The degree of mutant heteroplasmy, its tissue distribution, and threshold significantly contribute to disease phenotype and severity. Before the availability of MPS technologies, mtDNA heteroplasmy was typically measured by various PCR-based methods, including ARMS qPCR and pyrosequencing7,22 for a limited number of common point mutations. If a variant is novel and target quantification is not available, Sanger sequencing of the target region can be used to detect the high levels of heteroplasmy. However, due to the high frequencies of mtDNA SNPs distributed along the entire mitochondrial genome and assay limitations, accurate quantification of heteroplasmy by these methods can be problematic.

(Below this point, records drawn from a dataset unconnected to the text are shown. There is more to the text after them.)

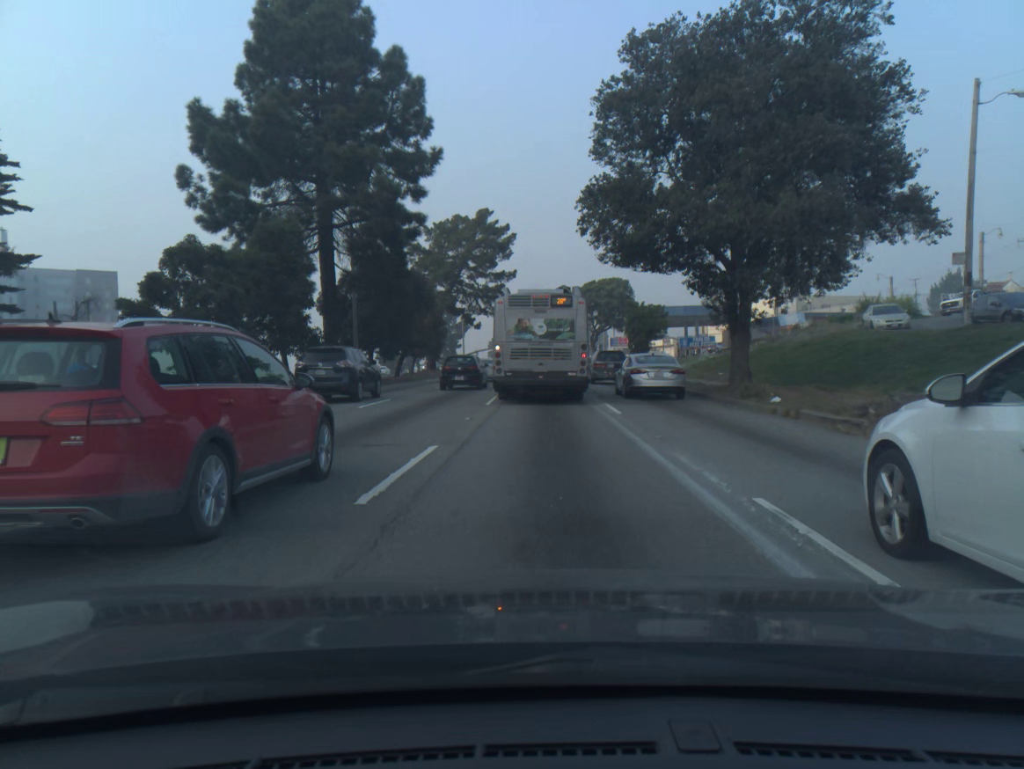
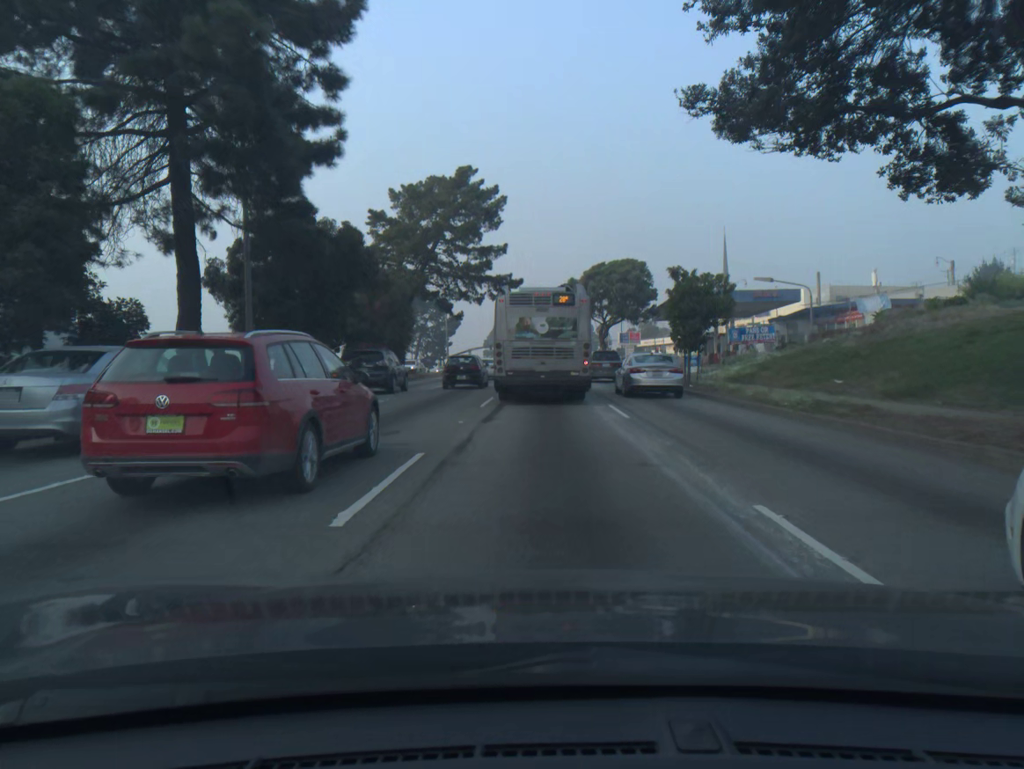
(0.0, +15.5) m; 0°
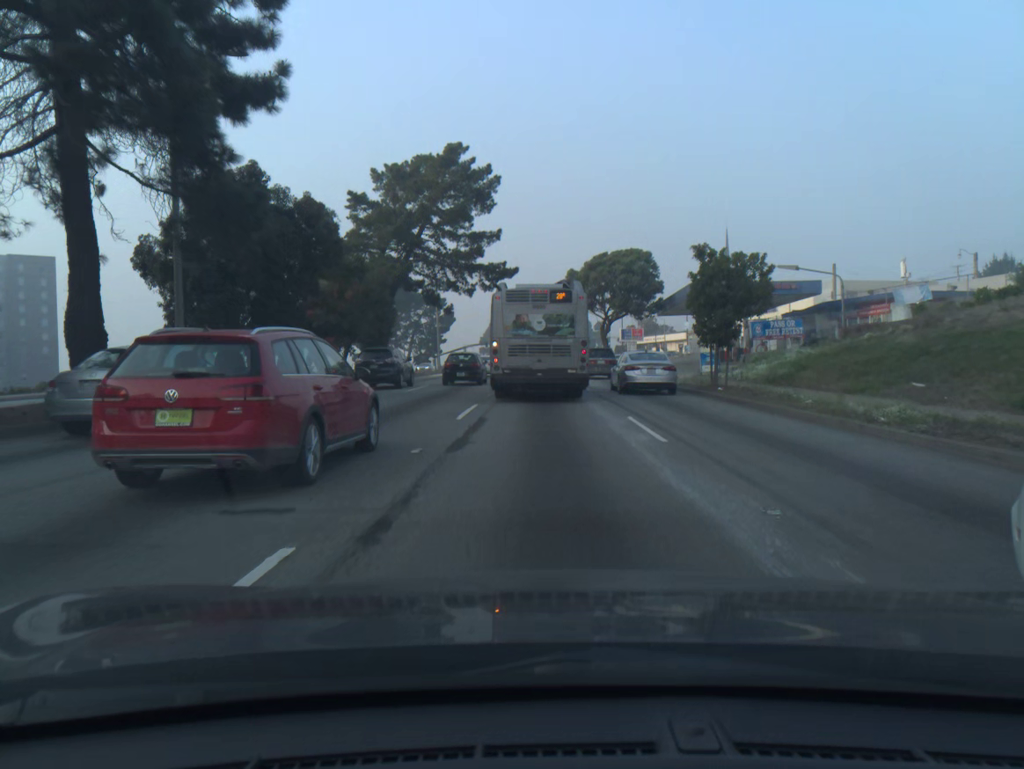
(0.0, +5.1) m; 0°
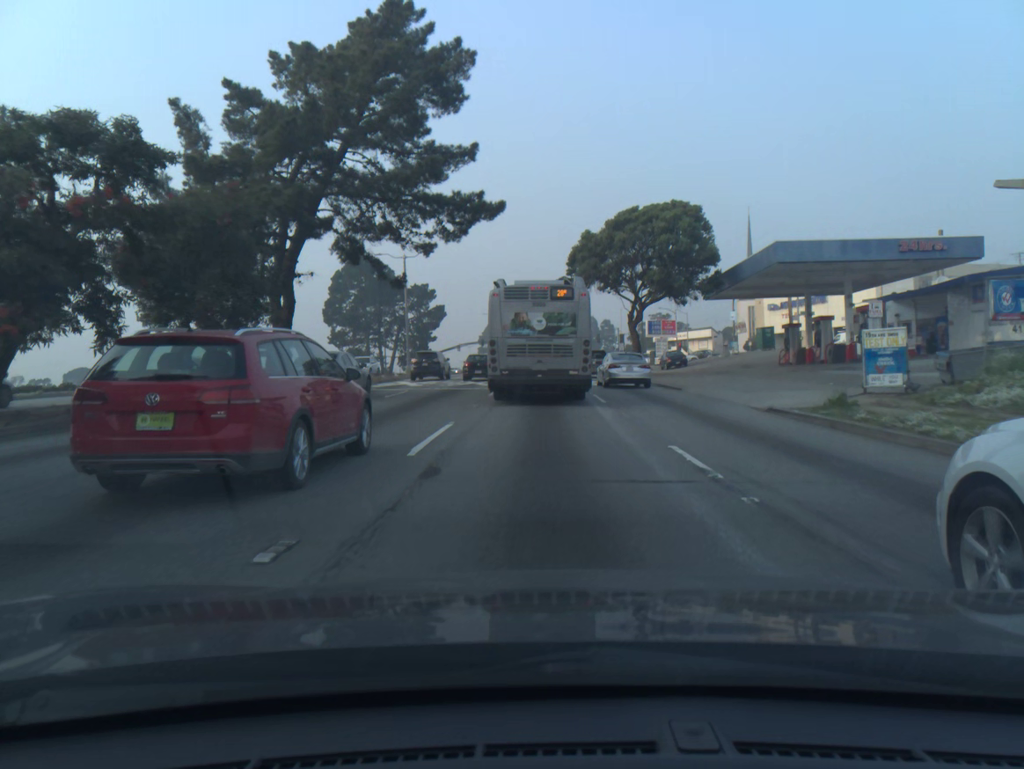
(0.0, +19.7) m; 0°
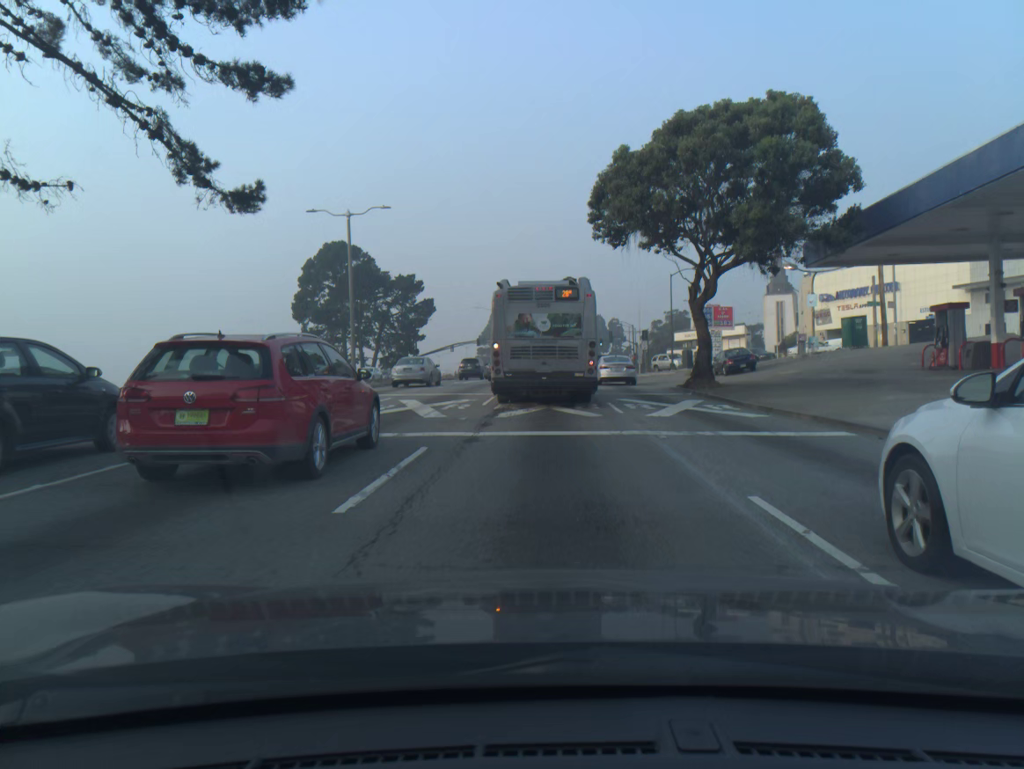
(-0.1, +18.5) m; 0°
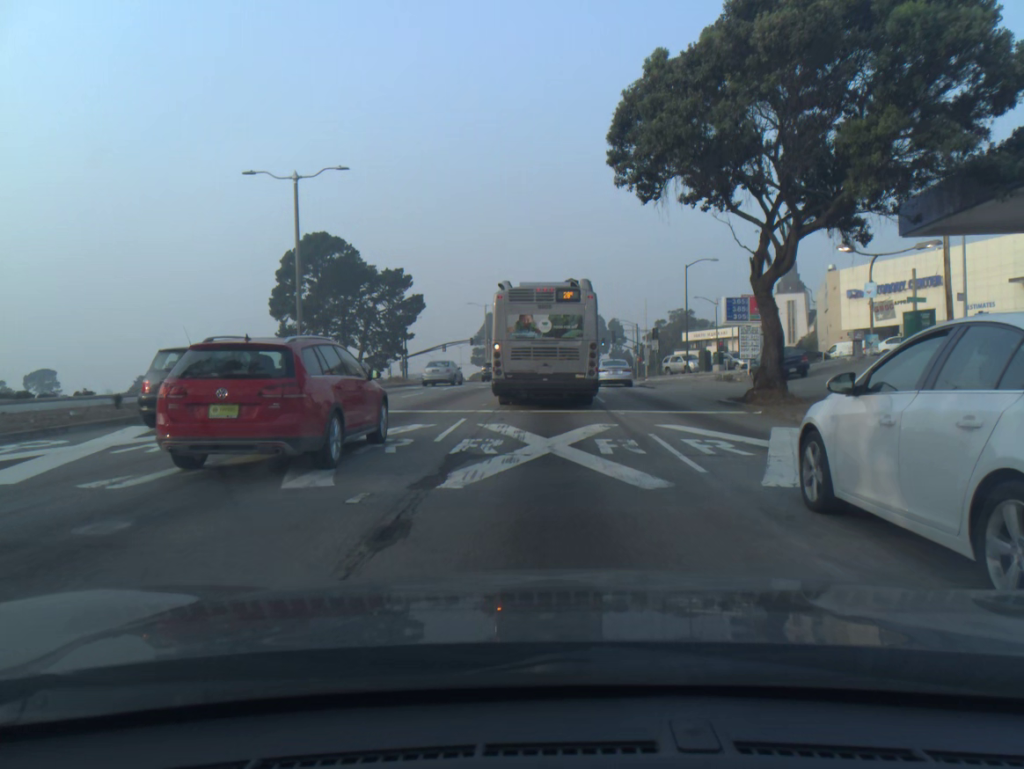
(0.0, +8.8) m; 0°
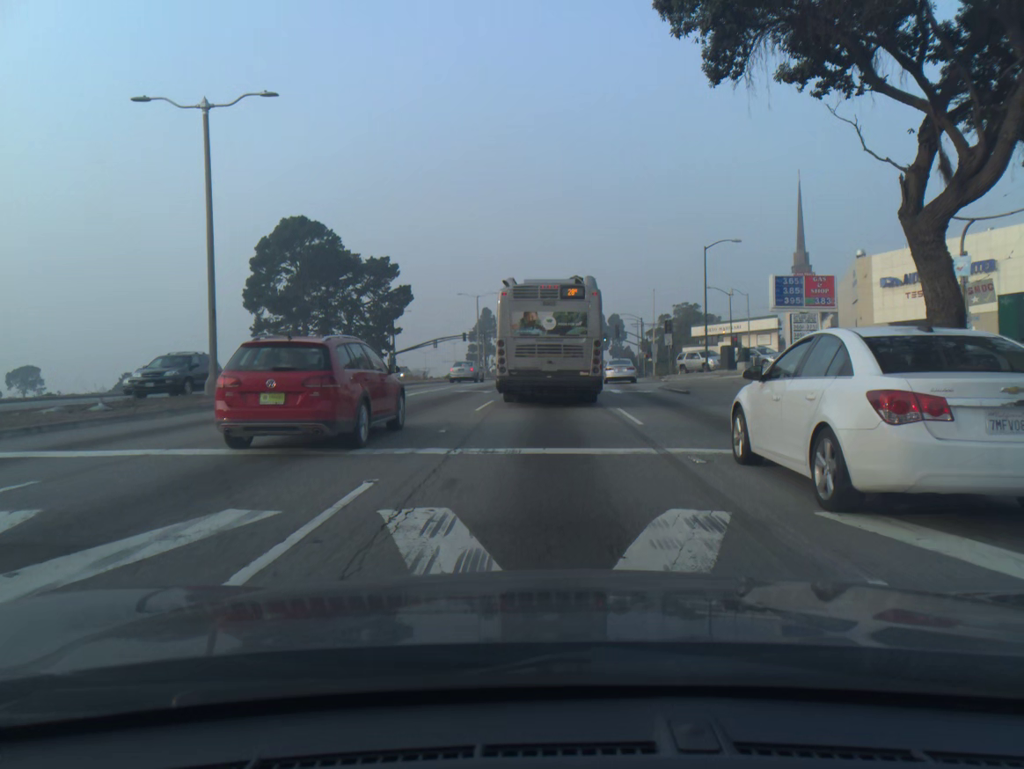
(0.0, +8.7) m; 0°

LR-PCR/MPS-based analysis not only provides accurate quantification of nucleotide heteroplasmy, but it is also sensitive enough to detect heteroplasmy as low as 1.5% at every single-nucleotide position of the entire mitochondrial genome without the interference of NUMTs and SNPs. As illustrated in Figure 4 , as compared with Sanger sequencing and/or PCR-based quantification methods, heteroplasmy measurements via LR-PCR/MPS for various tissues of the proband and matrilineal relatives will better distinguish between inherited and de novo mutations, and therefore improve diagnosis and recurrence risk estimates. The presence of nonspecifically enriched NUMTs either by capture or short PCR amplification may result in false-positive assignment of carrier status. In general, the consequence of NUMT interference is less severe than that of the SNPs due to the excessive copy number of mtDNA relative to NUMTs. However, depending on the position and the number of rare mtDNA variants residing within PCR primer binding sites, suboptimal annealing conditions may cause preferential amplification of the NUMTs to various extents, potentially leading to complete dropout of authentic mtDNA variants. By comparing the data generated from traditional Sanger sequencing and LR-PCR/MPS described in this report, the false-positive calls by Sanger sequencing are mostly due to private SNPs residing within the PCR primer binding sites and previously unrecognized skewed amplification of the NUMTs. These results clearly demonstrate that LR-PCR/MPS has better analytic performance than the traditional Sanger sequencing or PCR-based targeted quantification assay.

Conclusion

Sanger sequencing has long been considered as the gold standard for molecular diagnosis of mtDNA-based disorders. Our results demonstrated that single-amplicon LR-PCR amplification of the entire mitochondrial genome not only eliminates potential NUMTs and SNP interference but also renders a uniform coverage of the entire 16.6-kb mitochondrial genome, which is essential for reliable and accurate detection of single and multiple large mtDNA deletions. Coupled with MPS, the accurate detection of low-level heteroplasmy at <15% also becomes possible. With the higher sensitivity, specificity, and accuracy in the detection of a wider spectrum of mutation types, we propose that single-amplicon LR-PCR/MPS be adopted as the new standard for the comprehensive analysis of the mitochondrial genome.

Disclosure

Many of the authors are faculty members in the Department of Molecular and Human Genetics at BCM. The Medical Genetics Laboratories of the department offer extensive, fee-based genetic tests including the use of massively parallel sequencing for molecular analyses. The authors (W.Z., H.C., L.-J.W.) have one pending patent application on the comprehensive analysis of the mitochondrial genome by next-generation sequencing.